Respons Kebijakan Publik Terhadap Ancaman Keamanan Suriah
Kementerian Dalam Negeri Suriah mendirikan kembali pos pemeriksaan di persimpangan kritis kota Damaskus. Langkah ini diambil setelah ledakan bom kembar mengguncang ibu kota pada Selasa kemarin, tepat saat Presiden Prancis Emmanuel Macron melakukan kunjungan kenegaraan resmi.
Ledakan terkoordinasi dari bom rakitan tersebut menewaskan satu orang dan melukai 36 lainnya di dekat hotel rombongan Prancis. Pasukan intelijen mengonfirmasi bahwa mereka menyita material peledak dan drone setiap hari, yang diduga terkait dengan jaringan sel pro-Iran.
Read Also
Pengamat militer Arab Center for Contemporary Studies, Navvar Saban, menyatakan bahwa patroli saja tidak cukup. "Mencegah serangan ini membutuhkan kerja intelijen, pemetaan jaringan, pemantauan bahan peledak, dan peningkatan kerja sama dengan komunitas lokal," ujar Navvar Saban.
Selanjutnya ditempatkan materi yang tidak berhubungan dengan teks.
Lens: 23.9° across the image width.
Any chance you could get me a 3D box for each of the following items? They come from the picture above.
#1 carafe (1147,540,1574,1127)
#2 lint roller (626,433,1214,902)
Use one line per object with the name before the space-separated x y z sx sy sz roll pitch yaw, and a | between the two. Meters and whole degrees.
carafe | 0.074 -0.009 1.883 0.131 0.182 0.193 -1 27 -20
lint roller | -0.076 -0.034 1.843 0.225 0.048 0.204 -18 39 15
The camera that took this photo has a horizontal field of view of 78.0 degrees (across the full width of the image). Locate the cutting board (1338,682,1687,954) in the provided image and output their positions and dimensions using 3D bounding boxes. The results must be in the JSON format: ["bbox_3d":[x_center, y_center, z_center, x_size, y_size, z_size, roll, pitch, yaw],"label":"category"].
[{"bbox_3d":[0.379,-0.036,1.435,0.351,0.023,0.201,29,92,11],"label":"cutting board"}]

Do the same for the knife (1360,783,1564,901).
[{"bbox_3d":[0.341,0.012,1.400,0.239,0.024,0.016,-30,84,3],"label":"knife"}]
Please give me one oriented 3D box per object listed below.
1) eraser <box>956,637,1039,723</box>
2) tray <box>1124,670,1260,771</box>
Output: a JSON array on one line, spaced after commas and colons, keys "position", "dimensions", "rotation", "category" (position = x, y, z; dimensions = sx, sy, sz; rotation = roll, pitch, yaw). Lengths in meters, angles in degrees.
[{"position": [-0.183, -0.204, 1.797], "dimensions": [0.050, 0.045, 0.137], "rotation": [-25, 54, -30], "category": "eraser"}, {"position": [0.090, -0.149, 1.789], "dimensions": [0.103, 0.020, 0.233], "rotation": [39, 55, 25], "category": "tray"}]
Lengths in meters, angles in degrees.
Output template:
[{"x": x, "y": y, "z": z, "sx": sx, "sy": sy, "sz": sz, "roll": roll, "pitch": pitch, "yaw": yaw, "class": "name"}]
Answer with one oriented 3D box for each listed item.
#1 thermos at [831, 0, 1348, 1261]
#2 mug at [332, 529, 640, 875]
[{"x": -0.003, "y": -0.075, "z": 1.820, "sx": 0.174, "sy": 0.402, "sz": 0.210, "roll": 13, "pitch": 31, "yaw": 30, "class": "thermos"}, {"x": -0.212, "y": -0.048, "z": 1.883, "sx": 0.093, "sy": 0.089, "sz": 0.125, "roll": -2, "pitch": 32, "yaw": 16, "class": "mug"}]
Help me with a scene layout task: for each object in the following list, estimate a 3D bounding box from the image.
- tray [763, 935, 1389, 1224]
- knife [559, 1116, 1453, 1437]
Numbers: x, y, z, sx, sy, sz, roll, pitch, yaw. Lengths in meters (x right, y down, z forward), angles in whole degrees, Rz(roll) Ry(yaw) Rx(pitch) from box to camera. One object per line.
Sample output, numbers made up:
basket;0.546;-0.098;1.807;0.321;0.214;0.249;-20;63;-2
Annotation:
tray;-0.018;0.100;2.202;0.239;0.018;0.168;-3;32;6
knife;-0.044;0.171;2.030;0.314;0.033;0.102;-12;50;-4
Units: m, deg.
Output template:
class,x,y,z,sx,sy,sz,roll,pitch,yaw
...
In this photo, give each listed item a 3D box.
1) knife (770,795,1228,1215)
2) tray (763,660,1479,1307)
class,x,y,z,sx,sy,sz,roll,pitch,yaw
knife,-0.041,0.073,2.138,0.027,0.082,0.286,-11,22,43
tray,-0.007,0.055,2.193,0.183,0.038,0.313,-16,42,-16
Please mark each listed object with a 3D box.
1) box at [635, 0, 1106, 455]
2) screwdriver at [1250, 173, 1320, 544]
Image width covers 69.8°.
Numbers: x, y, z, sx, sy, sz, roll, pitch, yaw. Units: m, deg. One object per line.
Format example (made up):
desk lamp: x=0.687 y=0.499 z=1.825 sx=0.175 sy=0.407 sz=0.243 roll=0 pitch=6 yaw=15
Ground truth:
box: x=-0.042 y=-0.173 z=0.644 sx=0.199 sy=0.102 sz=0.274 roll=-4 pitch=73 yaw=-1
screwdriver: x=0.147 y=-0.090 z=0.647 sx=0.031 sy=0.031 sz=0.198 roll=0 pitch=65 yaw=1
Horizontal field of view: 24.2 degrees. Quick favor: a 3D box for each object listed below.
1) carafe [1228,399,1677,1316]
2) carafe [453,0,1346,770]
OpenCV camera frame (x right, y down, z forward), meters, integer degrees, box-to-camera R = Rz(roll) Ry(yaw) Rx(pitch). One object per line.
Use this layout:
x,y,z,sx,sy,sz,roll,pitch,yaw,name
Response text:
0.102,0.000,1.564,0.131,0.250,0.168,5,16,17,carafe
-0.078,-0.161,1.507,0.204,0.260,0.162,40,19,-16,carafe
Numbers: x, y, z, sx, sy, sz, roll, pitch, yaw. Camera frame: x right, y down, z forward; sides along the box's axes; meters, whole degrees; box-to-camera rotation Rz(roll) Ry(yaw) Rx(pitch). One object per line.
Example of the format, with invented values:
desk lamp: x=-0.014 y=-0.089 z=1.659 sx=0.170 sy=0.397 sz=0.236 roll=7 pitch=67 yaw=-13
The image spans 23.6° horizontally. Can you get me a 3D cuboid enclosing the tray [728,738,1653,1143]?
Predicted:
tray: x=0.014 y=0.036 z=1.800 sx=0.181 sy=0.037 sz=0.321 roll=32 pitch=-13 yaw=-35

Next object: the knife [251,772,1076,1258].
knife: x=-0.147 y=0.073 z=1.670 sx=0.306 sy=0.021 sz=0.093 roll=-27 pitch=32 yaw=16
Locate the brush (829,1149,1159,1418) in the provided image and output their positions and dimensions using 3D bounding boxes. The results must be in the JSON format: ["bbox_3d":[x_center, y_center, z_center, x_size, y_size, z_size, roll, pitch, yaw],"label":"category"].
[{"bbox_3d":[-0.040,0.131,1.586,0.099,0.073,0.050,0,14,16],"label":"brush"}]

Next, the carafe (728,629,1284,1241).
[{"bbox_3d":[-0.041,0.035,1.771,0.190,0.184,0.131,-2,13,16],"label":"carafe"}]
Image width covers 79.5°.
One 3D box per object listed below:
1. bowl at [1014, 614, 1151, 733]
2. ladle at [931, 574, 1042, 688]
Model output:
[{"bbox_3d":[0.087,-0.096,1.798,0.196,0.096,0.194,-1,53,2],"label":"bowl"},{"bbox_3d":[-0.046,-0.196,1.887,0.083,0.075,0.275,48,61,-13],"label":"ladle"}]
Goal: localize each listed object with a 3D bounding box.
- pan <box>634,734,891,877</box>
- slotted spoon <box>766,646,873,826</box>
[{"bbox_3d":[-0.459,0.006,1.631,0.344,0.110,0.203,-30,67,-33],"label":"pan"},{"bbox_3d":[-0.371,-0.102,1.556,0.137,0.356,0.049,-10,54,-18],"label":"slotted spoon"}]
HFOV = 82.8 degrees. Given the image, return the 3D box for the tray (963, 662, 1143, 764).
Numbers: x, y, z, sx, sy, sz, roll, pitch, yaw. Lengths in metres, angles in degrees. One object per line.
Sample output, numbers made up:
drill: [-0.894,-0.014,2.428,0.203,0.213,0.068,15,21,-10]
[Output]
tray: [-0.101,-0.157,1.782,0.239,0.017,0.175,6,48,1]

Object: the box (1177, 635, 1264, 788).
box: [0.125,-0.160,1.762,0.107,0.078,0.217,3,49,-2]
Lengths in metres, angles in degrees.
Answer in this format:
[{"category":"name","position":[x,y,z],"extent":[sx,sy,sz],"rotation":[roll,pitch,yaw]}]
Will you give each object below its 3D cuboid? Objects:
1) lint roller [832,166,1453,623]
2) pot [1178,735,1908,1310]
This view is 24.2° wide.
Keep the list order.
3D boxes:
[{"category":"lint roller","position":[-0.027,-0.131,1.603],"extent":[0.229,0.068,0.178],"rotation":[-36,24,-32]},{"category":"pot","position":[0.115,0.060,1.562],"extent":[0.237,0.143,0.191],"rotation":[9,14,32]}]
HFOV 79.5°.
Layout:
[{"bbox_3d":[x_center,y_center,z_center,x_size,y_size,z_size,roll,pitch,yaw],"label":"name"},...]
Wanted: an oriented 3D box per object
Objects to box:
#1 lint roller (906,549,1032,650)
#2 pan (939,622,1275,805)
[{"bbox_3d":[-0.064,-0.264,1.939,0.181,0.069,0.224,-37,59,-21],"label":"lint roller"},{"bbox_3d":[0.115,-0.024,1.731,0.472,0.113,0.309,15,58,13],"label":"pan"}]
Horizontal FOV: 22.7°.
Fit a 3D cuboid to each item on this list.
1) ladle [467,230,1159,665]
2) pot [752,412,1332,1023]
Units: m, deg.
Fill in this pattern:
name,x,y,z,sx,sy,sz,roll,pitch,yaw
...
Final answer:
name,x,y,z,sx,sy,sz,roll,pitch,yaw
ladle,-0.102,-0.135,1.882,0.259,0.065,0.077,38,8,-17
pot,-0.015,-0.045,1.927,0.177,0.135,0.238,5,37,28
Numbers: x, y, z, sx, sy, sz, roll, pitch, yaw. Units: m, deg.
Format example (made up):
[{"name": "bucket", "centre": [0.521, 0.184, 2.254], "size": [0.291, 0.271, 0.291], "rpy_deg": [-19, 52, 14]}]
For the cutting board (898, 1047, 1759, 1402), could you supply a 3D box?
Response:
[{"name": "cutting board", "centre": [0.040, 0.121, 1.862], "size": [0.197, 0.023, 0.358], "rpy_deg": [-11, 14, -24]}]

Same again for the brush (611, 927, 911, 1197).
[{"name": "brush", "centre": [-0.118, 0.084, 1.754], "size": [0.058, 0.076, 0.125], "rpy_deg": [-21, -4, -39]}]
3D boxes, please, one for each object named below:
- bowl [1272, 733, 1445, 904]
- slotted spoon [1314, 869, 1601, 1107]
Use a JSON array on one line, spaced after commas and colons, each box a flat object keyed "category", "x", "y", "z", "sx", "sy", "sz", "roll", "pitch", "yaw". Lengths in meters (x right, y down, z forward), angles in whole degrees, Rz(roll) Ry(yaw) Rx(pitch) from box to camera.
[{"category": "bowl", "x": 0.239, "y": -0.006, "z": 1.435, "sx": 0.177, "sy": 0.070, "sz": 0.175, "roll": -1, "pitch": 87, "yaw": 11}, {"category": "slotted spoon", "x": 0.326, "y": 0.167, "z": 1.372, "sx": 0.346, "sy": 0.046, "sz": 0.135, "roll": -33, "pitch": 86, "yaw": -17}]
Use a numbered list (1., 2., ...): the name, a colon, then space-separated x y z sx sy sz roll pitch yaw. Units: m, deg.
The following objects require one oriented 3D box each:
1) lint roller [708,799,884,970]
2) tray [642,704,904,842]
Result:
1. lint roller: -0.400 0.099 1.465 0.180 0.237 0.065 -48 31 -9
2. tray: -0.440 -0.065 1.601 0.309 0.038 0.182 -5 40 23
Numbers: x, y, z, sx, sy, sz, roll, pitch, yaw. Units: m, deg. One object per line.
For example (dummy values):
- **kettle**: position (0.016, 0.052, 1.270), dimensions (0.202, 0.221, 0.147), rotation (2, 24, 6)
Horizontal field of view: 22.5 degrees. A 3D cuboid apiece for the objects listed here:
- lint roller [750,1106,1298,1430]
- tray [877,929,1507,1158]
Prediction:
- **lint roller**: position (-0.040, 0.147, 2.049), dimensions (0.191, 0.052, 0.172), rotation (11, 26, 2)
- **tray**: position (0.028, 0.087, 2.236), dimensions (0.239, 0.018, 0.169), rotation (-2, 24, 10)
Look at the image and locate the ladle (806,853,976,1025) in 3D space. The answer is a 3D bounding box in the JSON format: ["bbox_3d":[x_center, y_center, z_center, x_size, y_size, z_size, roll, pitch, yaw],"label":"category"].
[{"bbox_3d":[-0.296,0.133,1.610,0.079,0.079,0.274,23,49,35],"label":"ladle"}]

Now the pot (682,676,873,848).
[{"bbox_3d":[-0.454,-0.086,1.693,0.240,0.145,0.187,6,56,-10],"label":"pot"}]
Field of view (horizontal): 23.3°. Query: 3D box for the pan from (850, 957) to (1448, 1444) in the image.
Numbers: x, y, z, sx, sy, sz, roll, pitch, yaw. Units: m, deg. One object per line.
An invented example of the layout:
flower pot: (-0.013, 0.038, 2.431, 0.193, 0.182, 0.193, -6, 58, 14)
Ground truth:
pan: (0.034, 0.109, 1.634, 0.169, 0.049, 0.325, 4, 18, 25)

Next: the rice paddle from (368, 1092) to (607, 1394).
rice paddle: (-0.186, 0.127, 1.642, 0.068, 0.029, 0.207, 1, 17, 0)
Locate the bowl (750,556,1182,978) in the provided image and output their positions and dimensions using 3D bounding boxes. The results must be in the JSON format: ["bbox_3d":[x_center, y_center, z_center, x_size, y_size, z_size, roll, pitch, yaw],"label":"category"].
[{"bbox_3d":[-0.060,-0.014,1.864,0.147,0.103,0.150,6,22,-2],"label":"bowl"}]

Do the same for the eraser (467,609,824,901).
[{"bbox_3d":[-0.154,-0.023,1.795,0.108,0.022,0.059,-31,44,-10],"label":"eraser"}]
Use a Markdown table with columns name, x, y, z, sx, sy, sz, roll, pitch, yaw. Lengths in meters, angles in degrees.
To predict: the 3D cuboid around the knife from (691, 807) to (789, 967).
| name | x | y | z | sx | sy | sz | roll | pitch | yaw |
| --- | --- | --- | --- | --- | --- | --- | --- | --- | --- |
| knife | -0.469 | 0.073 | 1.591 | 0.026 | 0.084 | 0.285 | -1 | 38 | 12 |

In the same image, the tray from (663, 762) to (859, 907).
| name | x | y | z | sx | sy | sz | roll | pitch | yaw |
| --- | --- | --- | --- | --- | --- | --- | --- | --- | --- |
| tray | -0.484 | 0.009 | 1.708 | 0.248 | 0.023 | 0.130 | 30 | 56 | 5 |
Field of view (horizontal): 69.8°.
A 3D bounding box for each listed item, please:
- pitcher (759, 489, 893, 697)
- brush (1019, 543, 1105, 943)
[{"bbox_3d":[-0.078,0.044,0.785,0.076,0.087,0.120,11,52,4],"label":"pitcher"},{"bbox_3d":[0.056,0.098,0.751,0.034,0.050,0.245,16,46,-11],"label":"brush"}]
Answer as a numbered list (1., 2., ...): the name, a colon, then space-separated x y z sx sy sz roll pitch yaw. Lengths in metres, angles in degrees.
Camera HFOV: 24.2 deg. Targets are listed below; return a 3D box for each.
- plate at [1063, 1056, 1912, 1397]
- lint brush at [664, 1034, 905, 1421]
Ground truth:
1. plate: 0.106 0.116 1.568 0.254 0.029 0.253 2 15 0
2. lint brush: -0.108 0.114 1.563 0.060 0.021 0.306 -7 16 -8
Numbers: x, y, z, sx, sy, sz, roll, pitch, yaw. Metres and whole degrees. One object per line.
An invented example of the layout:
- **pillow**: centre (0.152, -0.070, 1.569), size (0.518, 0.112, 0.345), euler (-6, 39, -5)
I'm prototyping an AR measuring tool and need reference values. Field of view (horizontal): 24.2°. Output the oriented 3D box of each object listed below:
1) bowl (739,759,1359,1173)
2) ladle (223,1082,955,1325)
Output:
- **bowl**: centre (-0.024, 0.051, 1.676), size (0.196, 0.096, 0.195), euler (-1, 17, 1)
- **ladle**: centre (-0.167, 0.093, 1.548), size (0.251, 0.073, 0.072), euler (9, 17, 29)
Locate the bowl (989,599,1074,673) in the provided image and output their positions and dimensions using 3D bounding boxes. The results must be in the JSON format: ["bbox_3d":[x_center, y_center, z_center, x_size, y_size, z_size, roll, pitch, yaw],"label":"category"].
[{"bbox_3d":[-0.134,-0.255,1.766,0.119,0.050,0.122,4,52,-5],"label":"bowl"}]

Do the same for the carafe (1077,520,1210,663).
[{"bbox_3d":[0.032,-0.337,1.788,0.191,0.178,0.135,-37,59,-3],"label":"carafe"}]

Pemerintah transisi kini menghadapi tantangan berat dalam merestrukturisasi kabinet dan lembaga keamanan pasca-kejatuhan Bashar al-Assad. Otoritas harus menekan ancaman teror tanpa mematikan ruang publik yang dibutuhkan untuk menarik investasi asing dan bantuan rekonstruksi internasional.